Французские критики говорят нам, что никто сейчас не читает «Юлию, или Новую Элоизу» во Франции, кроме сознательных исследователей трудов Руссо, и, конечно, немногие в этом поколении читают ее в нашей собственной стране. Действие очень слабое, а игра мотивов очень проста, если противопоставить ее изобретательности, сложным тонкостям психологического анализа, силе быстрой смены от одного тревожного инцидента или возбужденного настроения к другому, которые отмечают современного писателя сентиментальной прозы. Как предупреждает нас название, это история молодого наставника и слишком прекрасной ученицы, сбивающихся с уроков спокойной философии в жаркие места страсти. Высокая гордость отца Юлии запрещала всякую надежду на их союз, и в самом отчаянии несчастная пара потеряла самоконтроль добродетели и бросилась в яму, которая так готова к нашим ногам. Раскаяние последовало быстрым шагом, ибо Юлия со своей чистотой не потеряла ни одной из других прелестей послушного характера. Ее возлюбленный был поспешно увезен из страны великодушной заботой английского дворянина, одного из самых храбрых, нежных и лучших людей. Юлия, оставленная в покое присутствием возлюбленного, пораженная горем от смерти милой и любящей матери и притесняемая настойчивостью отца, которого она нежно любила, несмотря на все бедствия, которые его воля принесла ей, в конце концов согласилась выйти замуж за иностранного барона из какого-то северного двора. Вольмар был намного старше ее; приверженец спокойного разума, без системы и без предрассудков, доброжелательный, упорядоченный, прежде всего рассудительный. Возлюбленный размышлял о самоубийстве, от которого его отвлекли только аргументы лорда Эдуарда, который сделал больше, чем спорил; он поспешно отправил несчастного человека на борт корабля адмирала Ансона, тогда только начинавшего свое знаменитое путешествие вокруг света. И это знаменует конец первого эпизода.

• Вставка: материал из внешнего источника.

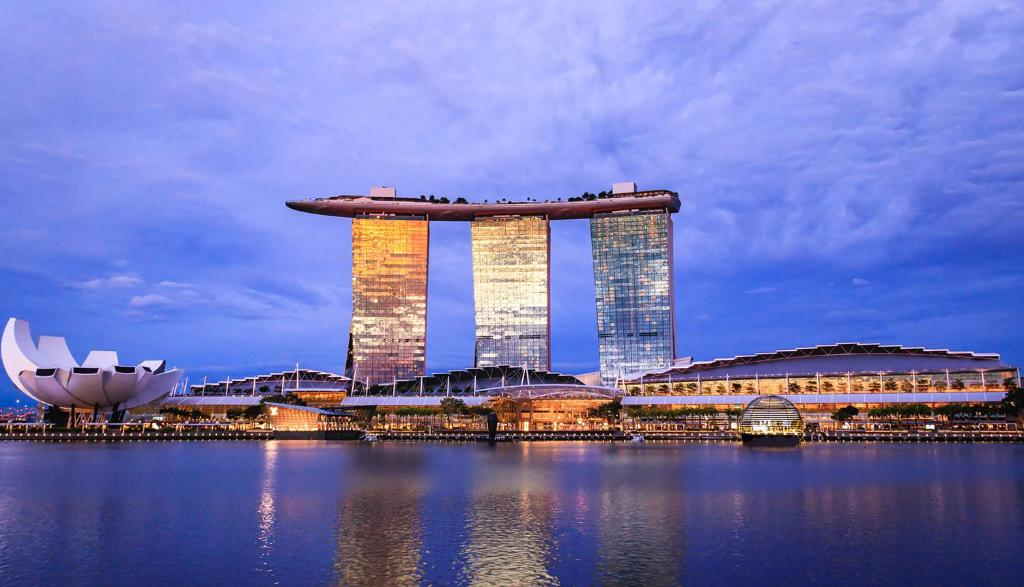Imagine a poetic description of the scene. In azure embrace, the city’s jewels ignite, Towers that kiss the sky with golden light. Reflecting dreams on waters still and wide, 'Neath twilight's whisper, where the heavens collide. A lotus blooms, art and science converge, In this urban symphony, ambitions surge. Peace and innovation, in perfect harmony blend, A tale of tomorrow, where stories never end. Conceive a short, realistic scenario of the image. It's a serene evening at Marina Bay Sands. Tourists gather at the SkyPark, sipping cocktails by the infinity pool, as the sun begins to set. The city lights start to twinkle, mirroring on the water below. A couple takes a selfie with the ArtScience Museum in the background, capturing a moment of their honeymoon. Nearby, a businessperson enjoys a quiet dinner, overlooking the vibrant cityscape. Describe a longer, realistic scenario of the image. As twilight descends on Marina Bay Sands, the hotel bustles with activity. Families check into their luxurious rooms, eager to explore the complex. At the SkyPark, a diverse crowd enjoys the infinity pool; some marvel at the panoramic views, while others find solace in the tranquil gardens. Downstairs, the casino hums with anticipation, players hoping for their lucky break. At the ArtScience Museum, visitors are enthralled by a captivating exhibit that merges art and technology. Along the waterfront promenade, couples stroll hand in hand, taking in the stunning reflections on the bay. Dinner cruises set sail, their passengers ready to enjoy world-class cuisine against the backdrop of an illuminated skyline. It’s a night where every corner of Marina Bay Sands offers a new adventure, a testament to its blend of luxury, innovation, and cultural richness.

Руссо всегда настаивал на том, что его история опасна для молодых девушек, и утверждал, что Ричардсон был серьезно неправ, полагая, что они могут быть наставлены романами. Это было все равно что поджечь дом, говорил он, ради того, чтобы заставить работать насосы. Поскольку он признавал так много, он не открыт для нападок с этой стороны, за исключением тех, кто придерживается теории, что не следует писать книг, которые нельзя благоразумно вложить в руки молодых, — пустая и презренная доктрина, которая должна выхолостить всю литературу и все искусство, исключая самые интересные из человеческих отношений и самые мощные из человеческих страстей. Нет ни одного сочинения первого ранга вне науки, от Библии и ниже, которое могло бы пройти этот тест. Самый полезный стандарт для измерения значимости книги в этом отношении находится в нравах того времени и преобладающем тоне современной литературы. Пытаясь оценить значение «Юлии, или Новой Элоизы» и ее популярность, хорошо думать о ней как об изображении любви, в связи не только с такой книгой, как «Орлеанская девственница», где есть по крайней мере остроумие, но и с историей вроде Дюкло, которую все дамы читали и нисколько не стыдились признать, что читали; или, что еще хуже, такой мерзостью, как первые рассказы Дидро; или историей вроде Лакло, которая появилась поколением позже и с ее бесконечной живостью и дьявольщиной довела традицию художественной нечистоты до столь же энергичного проявления, на какое она способна. Поколению, чья литература так же чиста, как лучшая английская, американская и немецкая литература в наши дни, «Юлия, или Новая Элоиза» могла бы, без сомнения, быть развращающей. Людям, которые читали Кребийона и «Орлеанскую девственницу», она, без сомнения, была возвышающей.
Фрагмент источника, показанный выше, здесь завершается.